O fato é que a resolução, na medida em que foi sendo aplicada, começou a produzir resultados. As rebeliões diminuíram drasticamente e ao final de 2002 cessaram por completo. No Estado de São Paulo, com 43% dos presos do País, desde novembro de 2002 até fevereiro de 2004, ou seja, durante 16 meses, não houve um só movimento de subversão em suas penitenciárias.

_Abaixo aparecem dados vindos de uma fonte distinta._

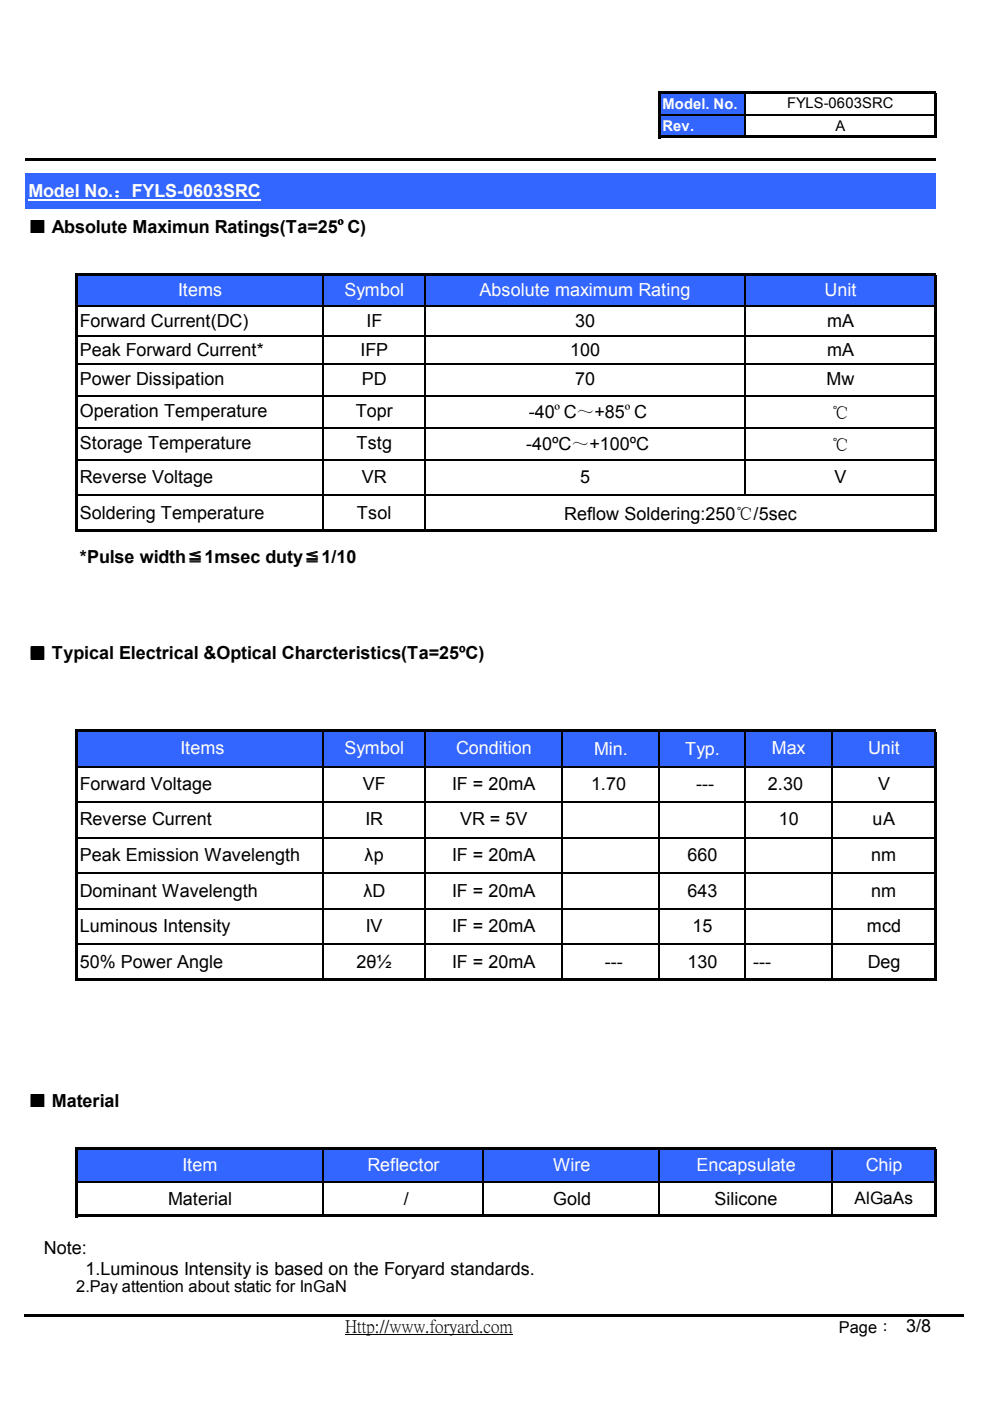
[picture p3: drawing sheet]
<svg xmlns="http://www.w3.org/2000/svg" width="210mm" height="297mm" viewBox="0 0 210 297" stroke-linecap="round" stroke-linejoin="round" font-family="sans-serif">
<defs><g id="words">
<g font-size="3.8" fill="#fff">
<text x="6" y="41.7">Model No.：FYLS-0603SRC</text>
<text x="37.8" y="62.7">Items</text>
<text x="73.1" y="62.7">Symbol</text>
<text x="101.7" y="62.7">Absolute maximum Rating</text>
<text x="174.8" y="62.7">Unit</text>
<text x="38.3" y="159.9">Items</text>
<text x="73.1" y="159.9">Symbol</text>
<text x="96.7" y="159.9">Condition</text>
<text x="126" y="160">Min.</text>
<text x="145.3" y="160">Typ.</text>
<text x="163.7" y="159.9">Max</text>
<text x="184.1" y="159.9">Unit</text>
<text x="38.7" y="248.2">Item</text>
<text x="77.9" y="248.2">Reflector</text>
<text x="117.3" y="248.2">Wire</text>
<text x="147.7" y="248.2">Encapsulate</text>
<text x="183.6" y="248.2">Chip</text>
</g>
<g font-size="3.8">
<text x="6" y="49.4">■ Absolute Maximun Ratings(Ta=25ºC)</text>
<text x="16.9" y="69.3">Forward Current(DC)</text>
<text x="77.7" y="69.3">IF</text>
<text x="121.9" y="69.3">30</text>
<text x="175.3" y="69.3">mA</text>
<text x="16.9" y="75.4">Peak Forward Current*</text>
<text x="76.5" y="75.4">IFP</text>
<text x="120.9" y="75.4">100</text>
<text x="175.3" y="75.4">mA</text>
<text x="16.9" y="81.7">Power Dissipation</text>
<text x="76.7" y="81.7">PD</text>
<text x="121.9" y="81.7">70</text>
<text x="175.3" y="81.7">Mw</text>
<text x="16.9" y="88.5">Operation Temperature</text>
<text x="75.4" y="88.5">Topr</text>
<text x="112.1" y="88.6">-40ºC～+85ºC</text>
<text x="176.3" y="88.8">℃</text>
<text x="16.9" y="95.3">Storage Temperature</text>
<text x="75.6" y="95.3">Tstg</text>
<text x="111.6" y="95.4">-40ºC～+100ºC</text>
<text x="176.3" y="95.6">℃</text>
<text x="16.9" y="102.4">Reverse Voltage</text>
<text x="76.7" y="102.4">VR</text>
<text x="123" y="102.4">5</text>
<text x="177" y="102.4">V</text>
<text x="16.9" y="110">Soldering Temperature</text>
<text x="75.7" y="110">Tsol</text>
<text x="119.6" y="110.2">Reflow Soldering:250℃/5sec</text>
<text x="16.9" y="119.5">*Pulse width≦1msec duty≦1/10</text>
<text x="6" y="139.9">■ Typical Electrical &amp;Optical Charcteristics(Ta=25ºC)</text>
<text x="16.9" y="167.5">Forward Voltage</text>
<text x="77" y="167.5">VF</text>
<text x="95.8" y="167.5">IF = 20mA</text>
<text x="125.3" y="167.6">1.70</text>
<text x="147.6" y="167.6">---</text>
<text x="162.8" y="167.5">2.30</text>
<text x="186.2" y="167.5">V</text>
<text x="16.9" y="175">Reverse Current</text>
<text x="77.5" y="175">IR</text>
<text x="97.5" y="175">VR = 5V</text>
<text x="165.1" y="175">10</text>
<text x="185" y="175">uA</text>
<text x="16.9" y="182.5">Peak Emission Wavelength</text>
<text x="77.3" y="182.5">λp</text>
<text x="95.8" y="182.5">IF = 20mA</text>
<text x="145.8" y="182.6">660</text>
<text x="184.7" y="182.5">nm</text>
<text x="16.9" y="190.1">Dominant Wavelength</text>
<text x="77" y="190.1">λD</text>
<text x="95.8" y="190.1">IF = 20mA</text>
<text x="145.8" y="190.2">643</text>
<text x="184.7" y="190.1">nm</text>
<text x="16.9" y="197.6">Luminous Intensity</text>
<text x="77.6" y="197.6">IV</text>
<text x="95.8" y="197.6">IF = 20mA</text>
<text x="146.8" y="197.7">15</text>
<text x="183.8" y="197.6">mcd</text>
<text x="16.9" y="205.2">50% Power Angle</text>
<text x="75.6" y="205.1">2θ½</text>
<text x="95.8" y="205.1">IF = 20mA</text>
<text x="128.3" y="205.2">---</text>
<text x="145.8" y="205.2">130</text>
<text x="159.7" y="205.2">---</text>
<text x="184" y="205.1">Deg</text>
<text x="6" y="234.7">■ Material</text>
<text x="35.6" y="255.4">Material</text>
<text x="85.6" y="255.4">/</text>
<text x="117.3" y="255.4">Gold</text>
<text x="151.5" y="255.4">Silicone</text>
<text x="9.3" y="265.8">Note:</text>
<text x="18.1" y="270.3">1.Luminous Intensity is based on the Foryard standards.</text>
<text x="73.2" y="282.4">Http://www.foryard.com</text>
</g>
<text font-size="3.6" x="181.2" y="255.4">AlGaAs</text>
<g font-size="3.5">
<text x="16.2" y="273.9">2.Pay attention about static for InGaN</text>
<text x="177.9" y="282.5">Page： 3/8</text>
</g>
<g font-size="3.1" fill="#fff">
<text x="140.5" y="23.1">Model. No.</text>
<text x="140.5" y="27.9">Rev.</text>
</g>
<g font-size="3.1">
<text x="166.9" y="22.9">FYLS-0603SRC</text>
<text x="177.1" y="27.7">A</text>
</g>
</g></defs>
<g fill="#3365ff">
<path d="M139.8 19.6h18.1v9.5h-18.1z"/>
<path d="M5.4 36.7h193v7.7h-193z"/>
<path d="M16.2 58.2h182.2v6.8h-182.2z"/>
<path d="M16.2 154.9h182.2v7.7h-182.2z"/>
<path d="M16.2 243.4h182.2v7.3h-182.2z"/>
</g>
<path d="M73.2 283h35.5" fill="none" stroke="#000" stroke-width=".21"/>
<path d="M6 42.2h49.3v.4h-49.3z" fill="#fff"/>
<g fill="none" stroke="#000" stroke-width=".25">
<path d="M157.9 19.8v9M140 24.3h58M68.5 58.4v53.9M90 58.4v53.9M157.9 58.4v46.8M16.4 65h181.6M16.4 71.3h181.6M16.4 77.2h181.6M16.4 83.9h181.6M16.4 90.7h181.6M16.4 97.5h181.6M16.4 105h181.6"/>
<path d="M68.5 155.2v52.2M90 155.2v52.2M119.2 155.2v52.2M139.8 155.2v52.2M157.9 155.2v52.2M176.3 155.2v52.2M16.4 162.5h181.6M16.4 170.1h181.6M16.4 177.6h181.6M16.4 185.1h181.6M16.4 192.7h181.6M16.4 200.2h181.6"/>
<path d="M16.4 250.7h181.6M68.5 243.7v13.9M102.5 243.7v13.9M139.8 243.7v13.9M176.3 243.7v13.9"/>
</g>
<g fill="#000">
<path d="M140 19.3h58.5v.5h-58.5zM5.2 33.5h193.2v.5h-193.2zM139.5 19.3h.5v10h-.5zM140 28.8h58.5v.5h-58.5zM198 19.8h.5v9.5h-.5zM16.4 57.9h182.1v.5h-182.1zM15.9 57.9h.5v54.9h-.5zM16.4 112.3h182.1v.5h-182.1zM198 58.4h.5v54.4h-.5zM16.4 154.7h182.1v.5h-182.1zM15.9 154.7h.5v53.2h-.5zM16.4 207.4h182.1v.5h-182.1z"/>
<path d="M198 155.2h.5v52.7h-.5zM15.9 243.2h.5v14.9h-.5zM16.4 243.2h182.1v.5h-182.1zM16.4 257.6h182.1v.5h-182.1zM198 243.7h.5v14.4h-.5zM5.2 278.6h199.2v.5h-199.2z"/>
</g>
<use href="#words"/>
</svg>

Além das penitenciárias que foram designadas para cumprimento do RDD (Taubaté e Presidente Venceslau II), tínhamos inaugurado também o CRP – Centro de Readaptação Penitenciária de Presidente Bernardes, que se destinaria exclusivamente para aplicação do RDD. Este estabelecimento penal, com 160 celas individuais, é tido até hoje como o presídio mais seguro do Brasil. Foi ali que colocamos a nata do PCC, inclusive seus líderes máximos, como Geleião, Marcola, Blindado e outros. Foi lá que internamos um chileno perigosíssimo, com duas condenações à prisão perpétua em seu país, Maurício Hernandes Norambuena. Lá ficou, por dois anos e meio, Luiz Fernando da Costa, o “Fernandinho Beira-Mar”, narcotraficante que aterrorizava a população do Rio de Janeiro. O “Beira-Mar”, segundo nos informaram na época do pedido de transferência, ameaçava explodir dois ou três hotéis de luxo em pleno carnaval de 2003.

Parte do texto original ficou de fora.